YARGITAY KARARI
DAİRE : 16. Hukuk Dairesi
ESAS NO : 2014/1600
KARAR NO : 2014/3689
KARAR TARİHİ : 01.04.2014
MAHKEMESİ : SARIOĞLAN SULH HUKUK MAHKEMESİ
TARİHİ : 03/07/2013
NUMARASI : 2010/156-2013/152
Taraflar arasında görülen dava sonucunda verilen hükmün Yargıtay’ca incelenmesi istenilmekle; temyiz isteğinin süresinde olduğu anlaşıldı, inceleme raporu ve dosyadaki belgeler okundu, GEREĞİ GÖRÜŞÜLDÜ:
Kadastro sonucu S. Köyü çalışma alanında bulunan . ada 32 ve 33 parsel sayılı sırasıyla 5692.51 ve 1433.68 metrekare yüzölçümündeki taşınmazlar, malikinin bilinemediğinden söz edilerek davalı Hazine adına tespit ve hükmen tescil edilmiştir.

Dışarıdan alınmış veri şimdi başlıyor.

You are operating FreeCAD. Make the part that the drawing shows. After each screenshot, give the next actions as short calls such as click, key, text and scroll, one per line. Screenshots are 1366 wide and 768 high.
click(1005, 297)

Davacı M.. B.., hibe ve kazandırıcı zamanaşımı zilyetliğine dayanarak tapu iptal ve tescil istemiyle dava açmıştır. Mahkemece yapılan yargılama sonunda davanın kabulüne, çekişmeli 111 ada 32 ve 33 parsel sayılı taşınmazların tapu kayıtlarının iptali ile davacı M.. B.. adına tapuya tesciline karar verilmiş; hüküm, davalı Hazine vekili tarafından temyiz edilmiştir.

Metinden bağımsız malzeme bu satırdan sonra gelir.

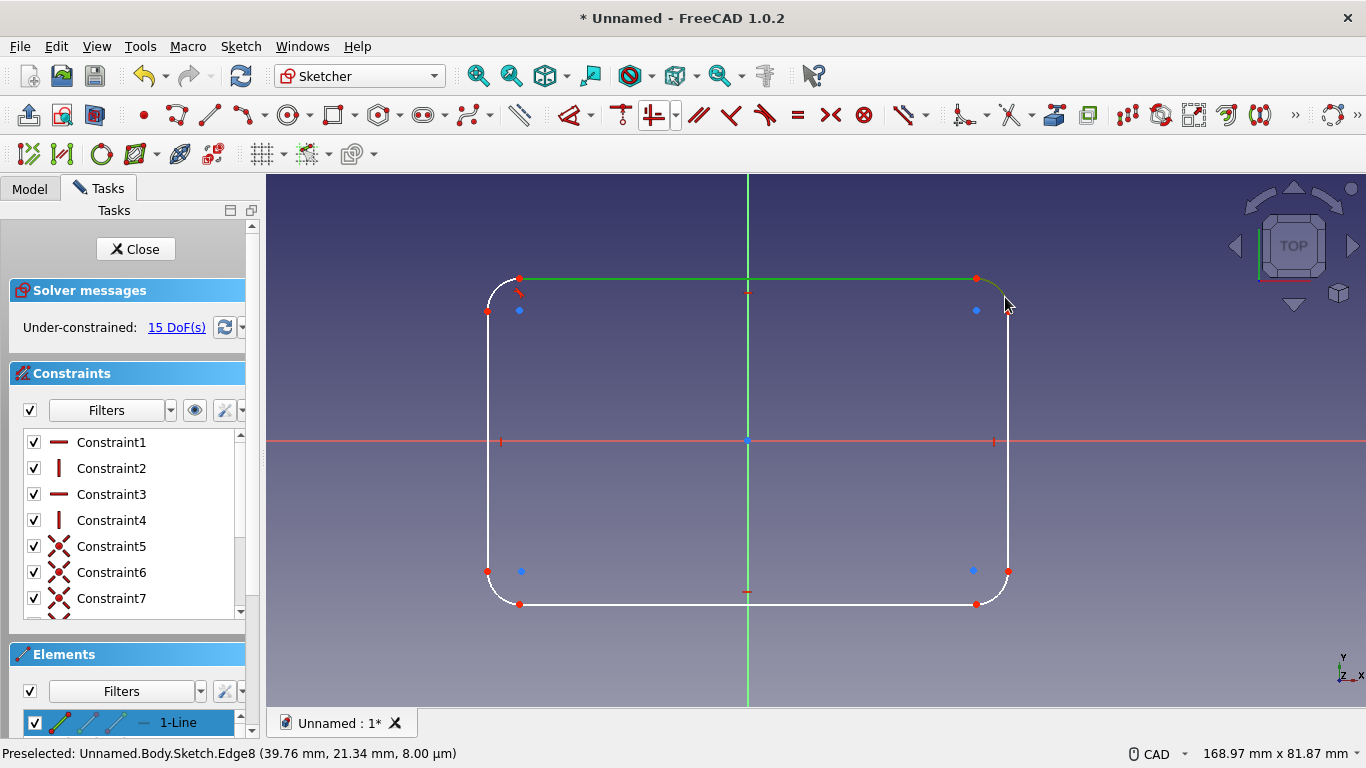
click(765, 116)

Mahkemece; çekişmeli taşınmazlarda kazandırıcı zamanaşımı zilyetliği ile edinme koşullarının davacı taraf lehine gerçekleştiği kabul edilmek suretiyle karar verilmiş ise de; yapılan araştırma, inceleme ve uygulama yeterli değildir. Dava; çekişmeli taşınmazların zilyetlikle iktisaba elverişli yerlerden olup olmadığı ve davacı taraf yararına tespit öncesinde 3402 sayılı Yasa’nın 14. maddesi koşullarının gerçekleşip gerçekleşmediğinin belirlenmesi ile çözüme kavuşturulacak nitelikteki tapu iptali ve tescil davasıdır. Ne var ki; çekişmeli taşınmazların sınırında dere bulunduğu halde, dere yatağından elde edilmiş olup olmadıkları yönünden uzman jeolog bilirkişi aracılığı ile inceleme yapılıp, bilirkişiden bu konuda rapor alınmamış olması nedeniyle yapılan araştırma ve inceleme hüküm için yeterli bulunmamaktadır. O halde mahkemece doğru sonuca varılabilmesi için yaşlı, tarafsız ve yöreyi iyi bilen yerel bilirkişiler, taraf tanıkları, uzman fen bilirkişisi, jeolog ve ziraat bilirkişisinden oluşacak bilirkişi kurulu aracılığı ile taşınmazlar başında yeniden keşif yapılmalı, taşınmazların öncesinin dere yatağı olup olmadığı, dere ile aralarında kot farkı bulunup bulunmadığı ve özel mülke konu edilip edilemeyeceği hususunda ayrıntılı ve gerekçeli rapor alınmalıdır. Taşınmazların geçmişte ne durumda bulunduğu, kime ait olduğu, kimden nasıl intikal ettiği, kim tarafından, ne zamandan beri ne suretle kullanıldığı, davacıya babası tarafından sağlığında verilip verilmediği veya babasının ölümünden sonra taksimle davacı tarafa düşüp düşmediği hususunda yerel bilirkişi ve tanıklardan maddi olaylara dayalı ayrıntılı bilgi alınmalı, bundan sonra tüm deliller birlikte değerlendirilerek sonucuna göre bir karar verilmelidir. Mahkemece, bu hususlar göz ardı edilerek eksik inceleme ile yazılı şekilde hüküm kurulması isabetsiz olup, davalı Hazine vekilinin temyiz itirazları açıklanan nedenlerle yerinde görüldüğünden kabulü ile hükmün BOZULMASINA, 01.04.2014 gününde oybirliğiyle karar verildi.